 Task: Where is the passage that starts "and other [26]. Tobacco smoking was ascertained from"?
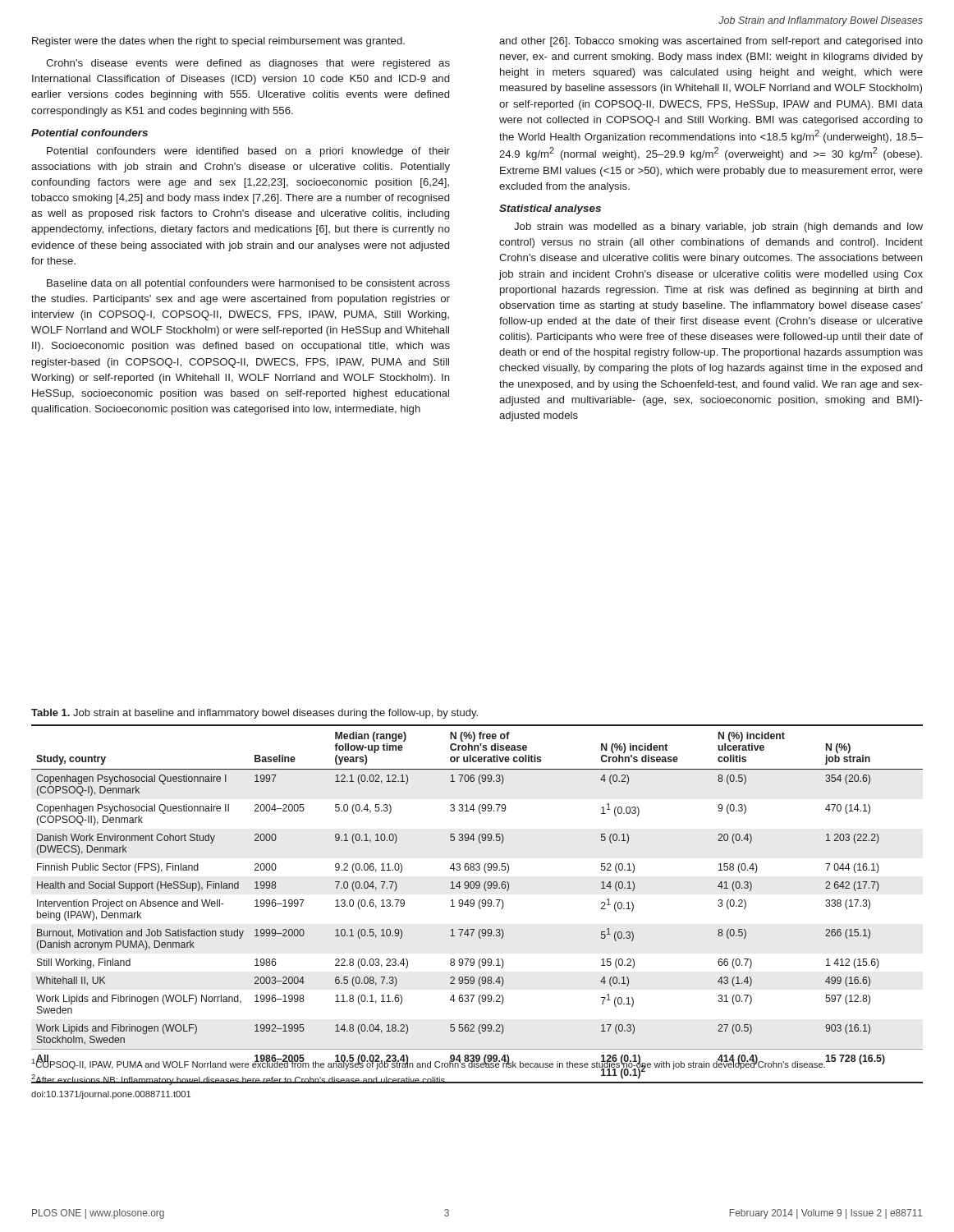711,113
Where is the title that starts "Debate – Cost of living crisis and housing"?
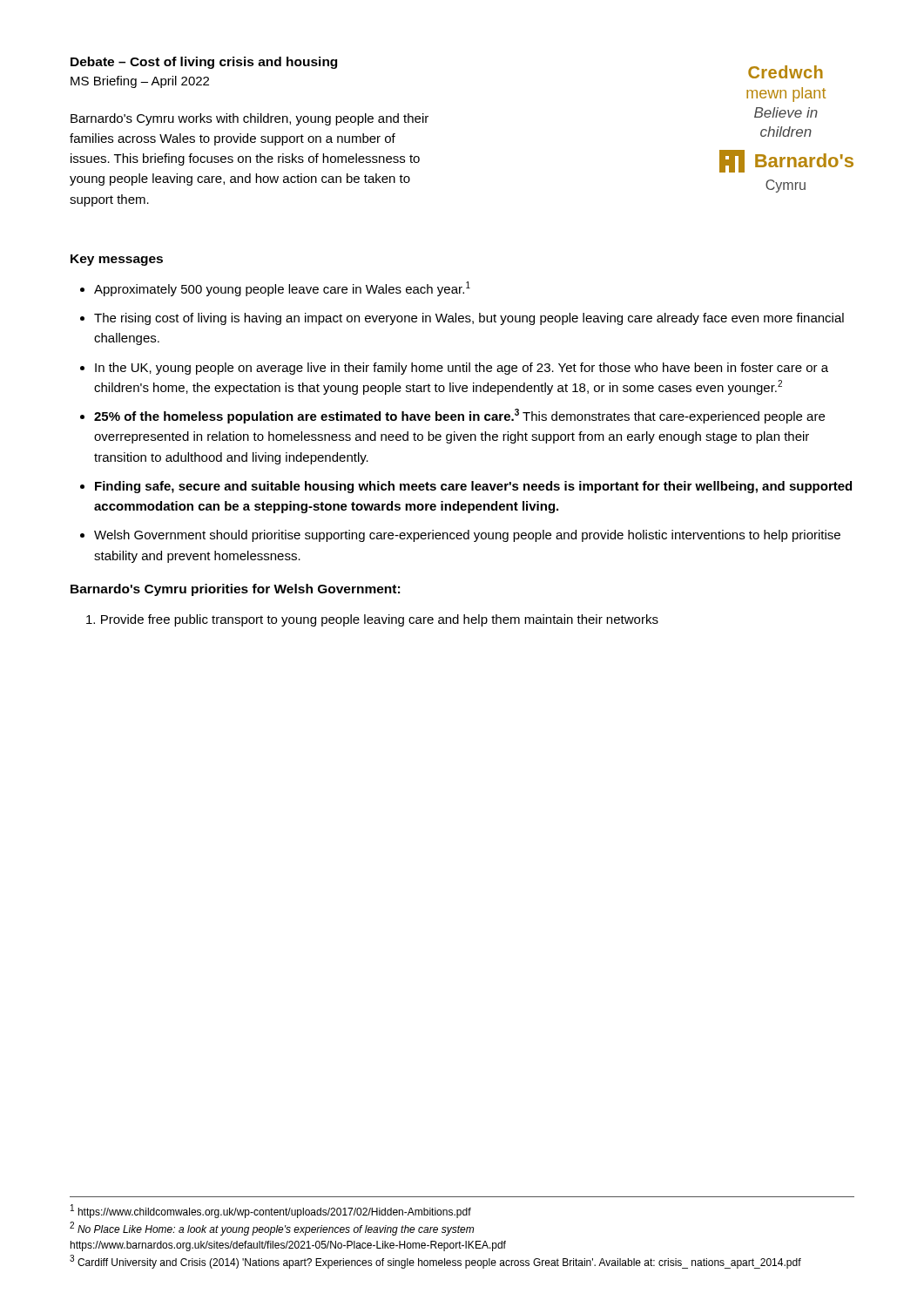Image resolution: width=924 pixels, height=1307 pixels. (x=253, y=70)
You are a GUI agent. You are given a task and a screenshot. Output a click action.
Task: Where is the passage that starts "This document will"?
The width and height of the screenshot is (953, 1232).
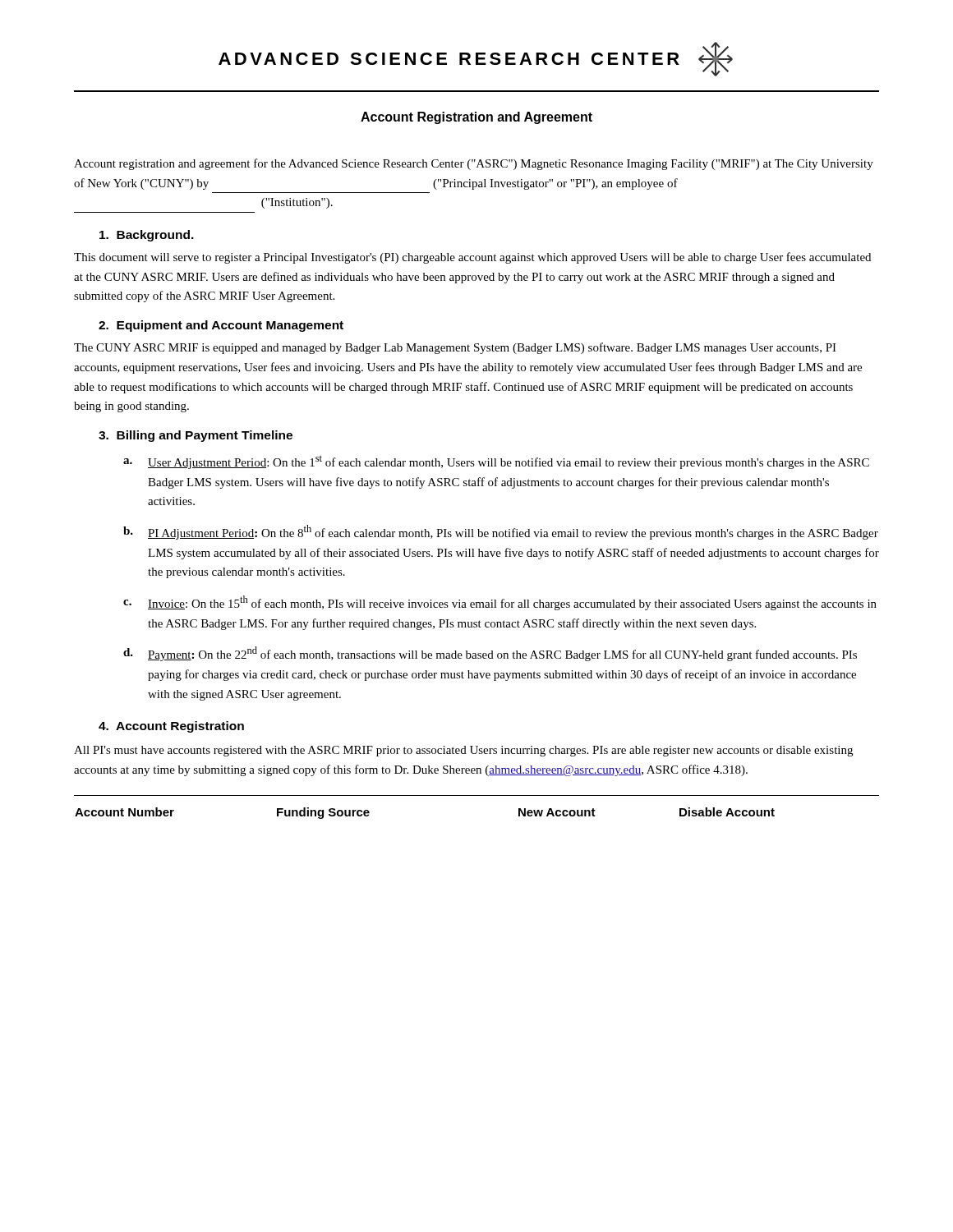tap(473, 277)
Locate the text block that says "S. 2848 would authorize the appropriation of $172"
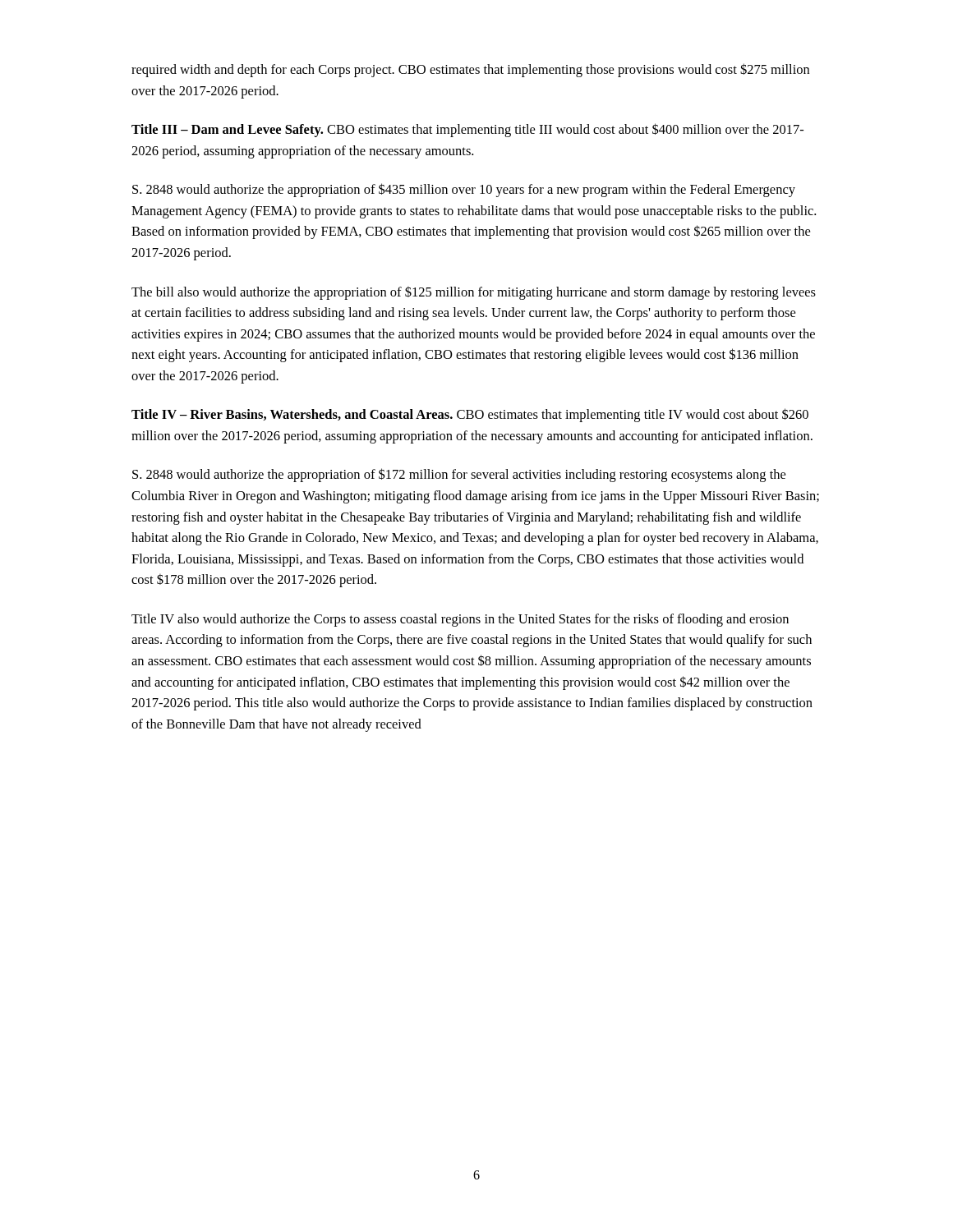Image resolution: width=953 pixels, height=1232 pixels. coord(476,527)
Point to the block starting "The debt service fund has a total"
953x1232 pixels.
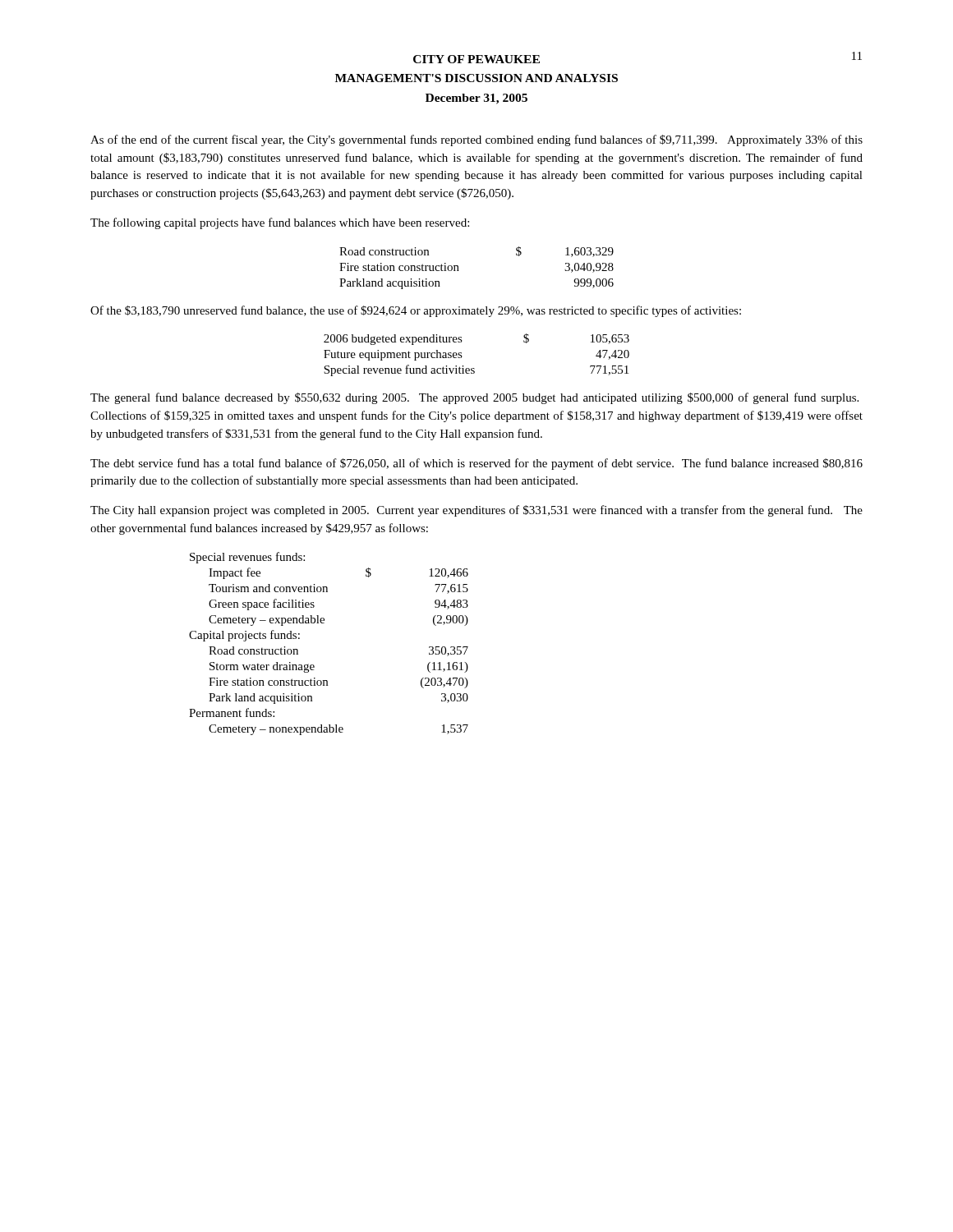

================

WHAT THIS TASK INVOLVES ->
Your task is an exact transcription of all the data, minus the pictures.

WRITTEN ANSWER ->
 Task: Where is the passage that starts "and other [26]. Tobacco smoking was ascertained from"?
711,113
Where is the title that starts "Debate – Cost of living crisis and housing"?
Image resolution: width=924 pixels, height=1307 pixels. (x=253, y=70)
You are a GUI agent. You are given a task and a screenshot. Output a click action.
Task: Where is the passage that starts "This document will"?
The width and height of the screenshot is (953, 1232).
tap(473, 277)
Locate the text block that says "S. 2848 would authorize the appropriation of $172"
Image resolution: width=953 pixels, height=1232 pixels. coord(476,527)
Point to the block starting "The debt service fund has a total"
953x1232 pixels.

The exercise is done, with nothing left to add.